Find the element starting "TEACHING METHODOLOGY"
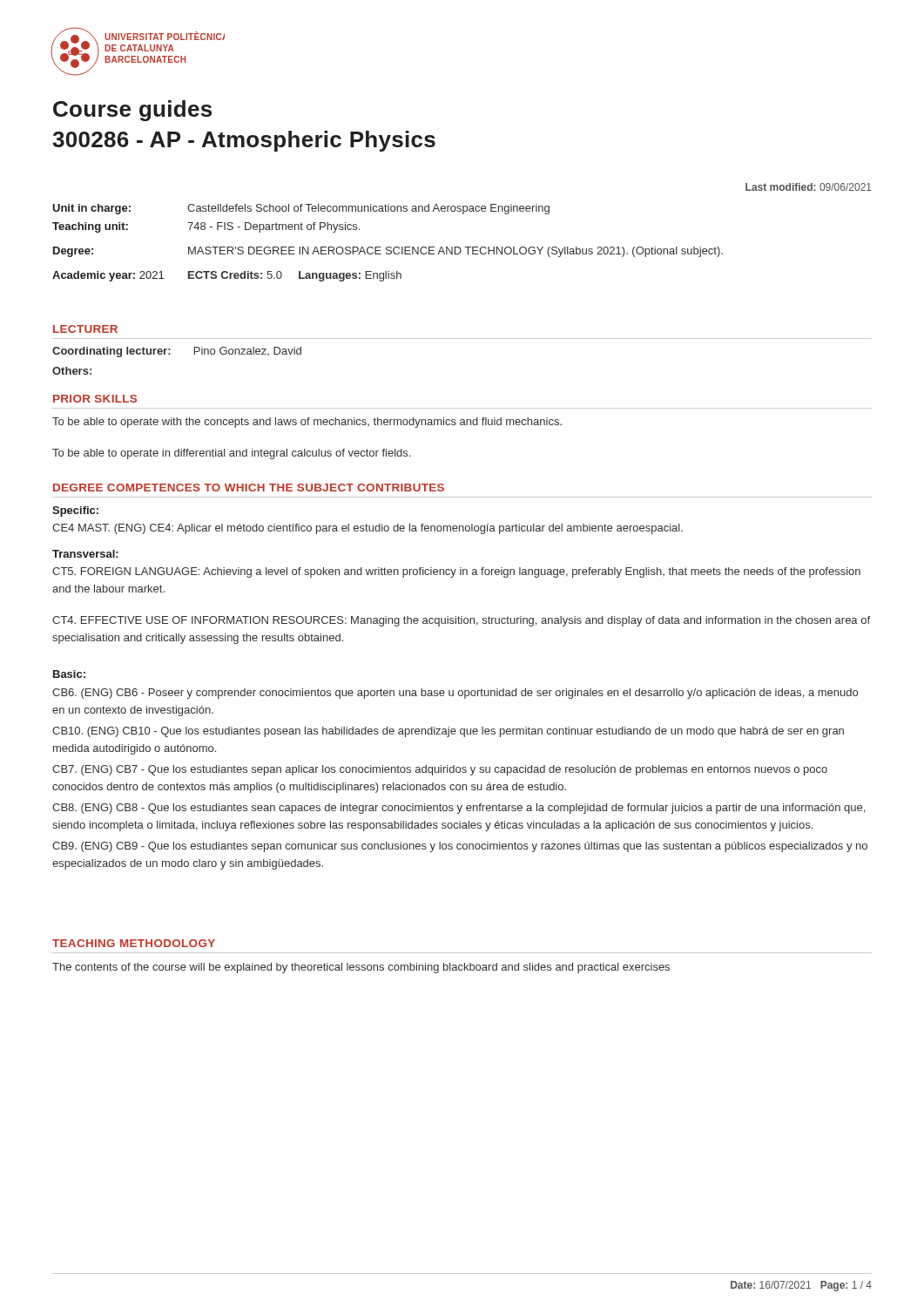The image size is (924, 1307). 462,945
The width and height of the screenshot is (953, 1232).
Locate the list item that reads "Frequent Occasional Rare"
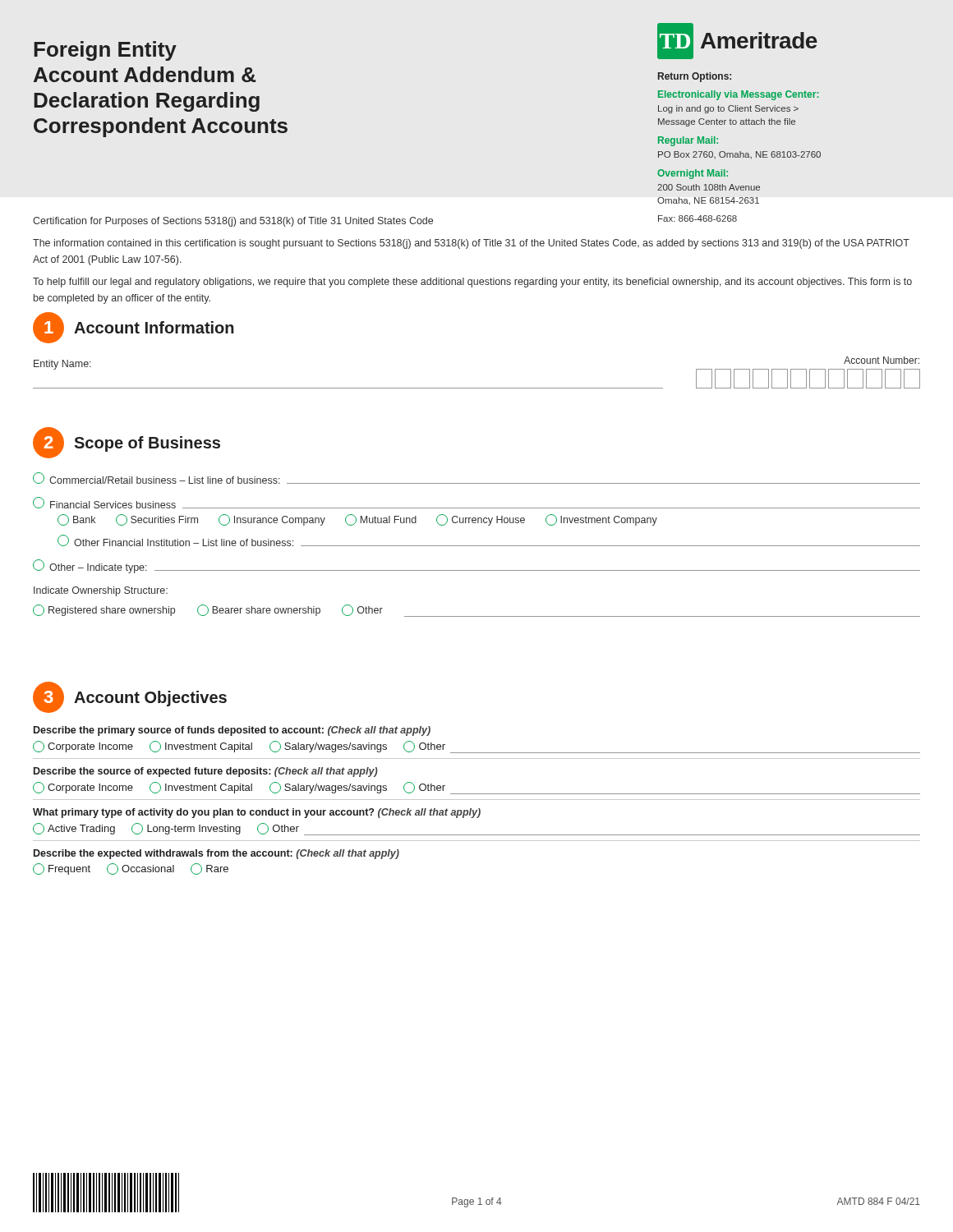[131, 869]
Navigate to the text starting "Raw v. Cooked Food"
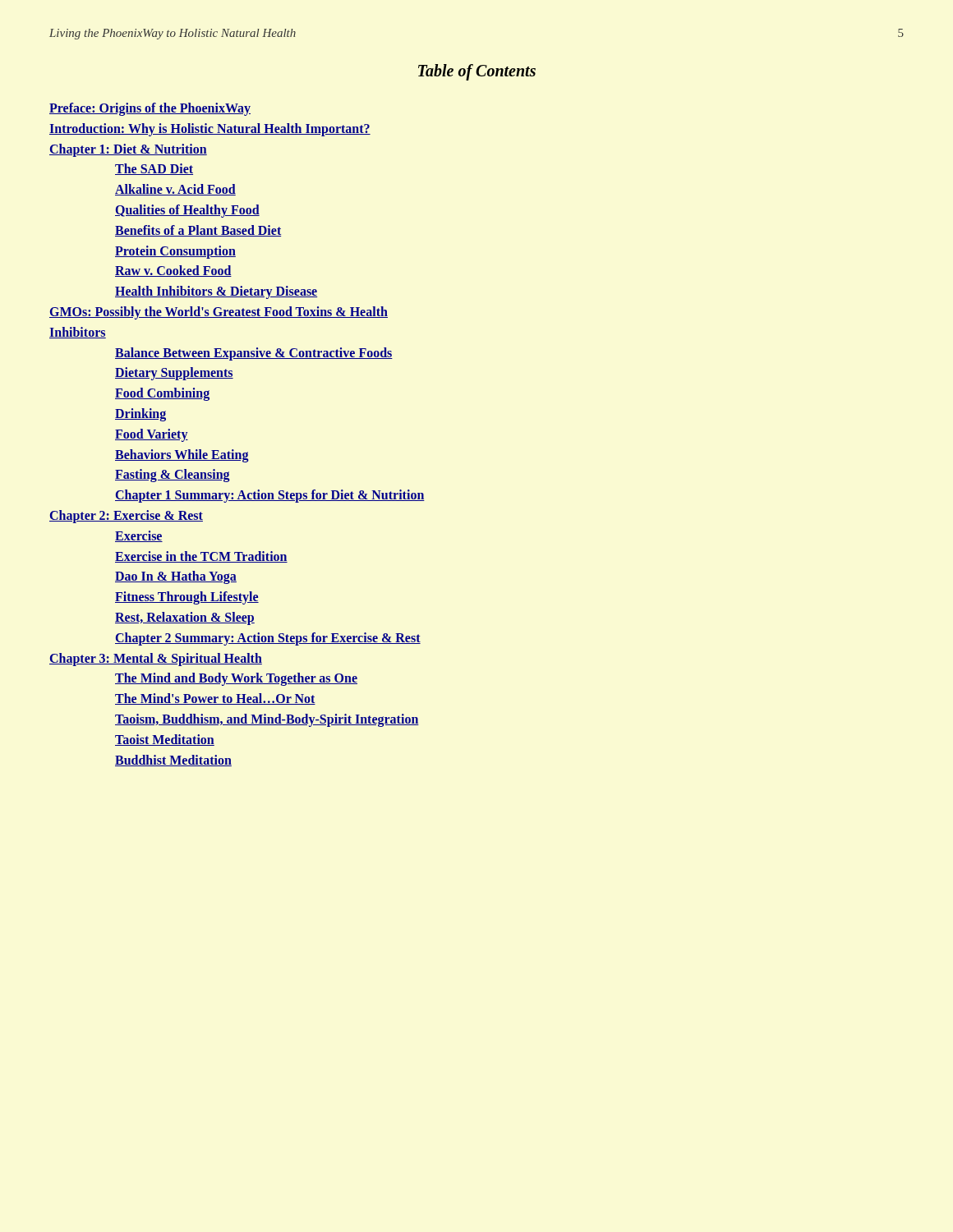 [x=173, y=271]
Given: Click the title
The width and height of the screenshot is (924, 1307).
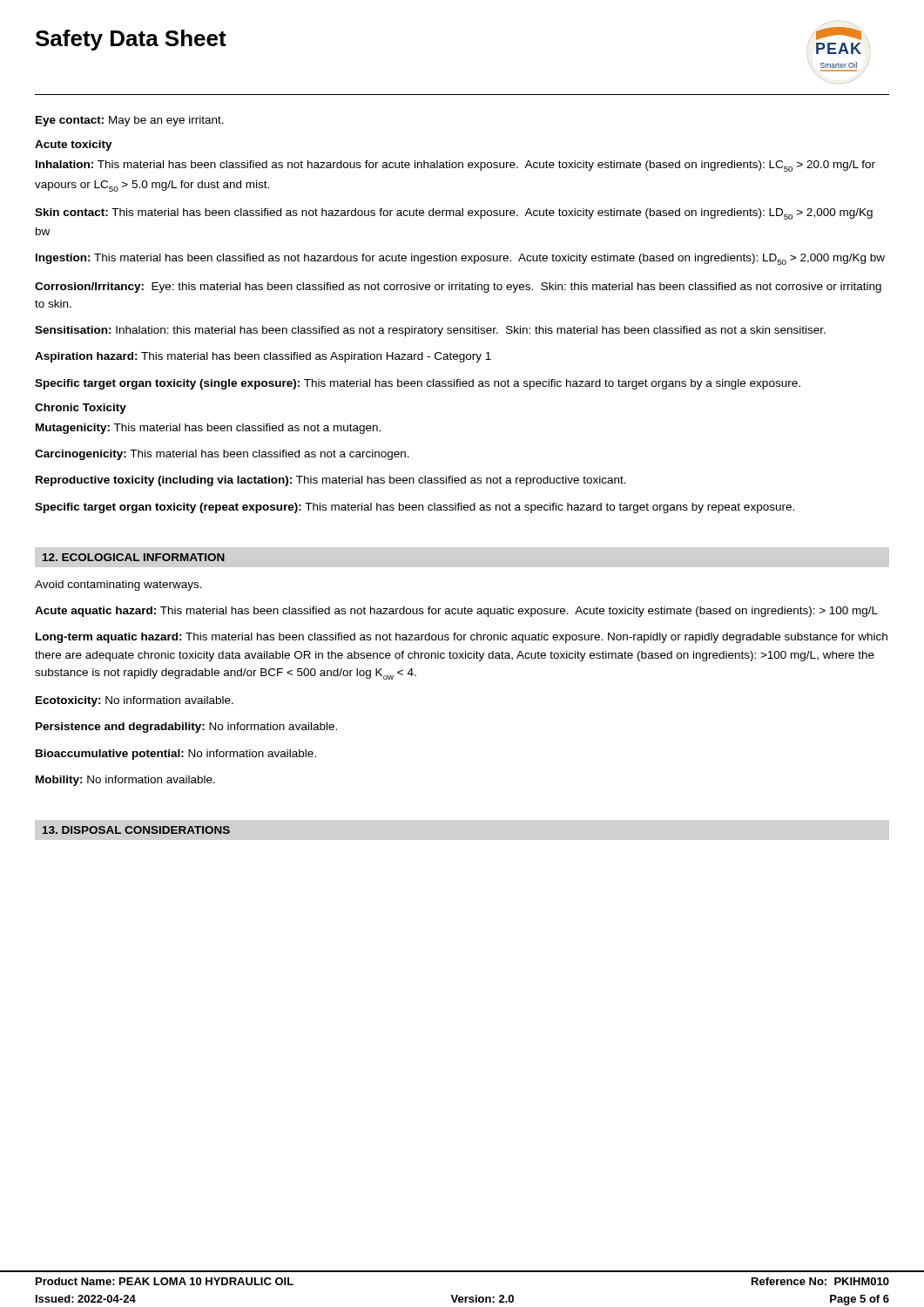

****************

— WHAT YOU HAVE TO DO —
Where a line of the records above holds the word "height", count it; give the total as a single number and nothing else.

— TASK RESULT —
2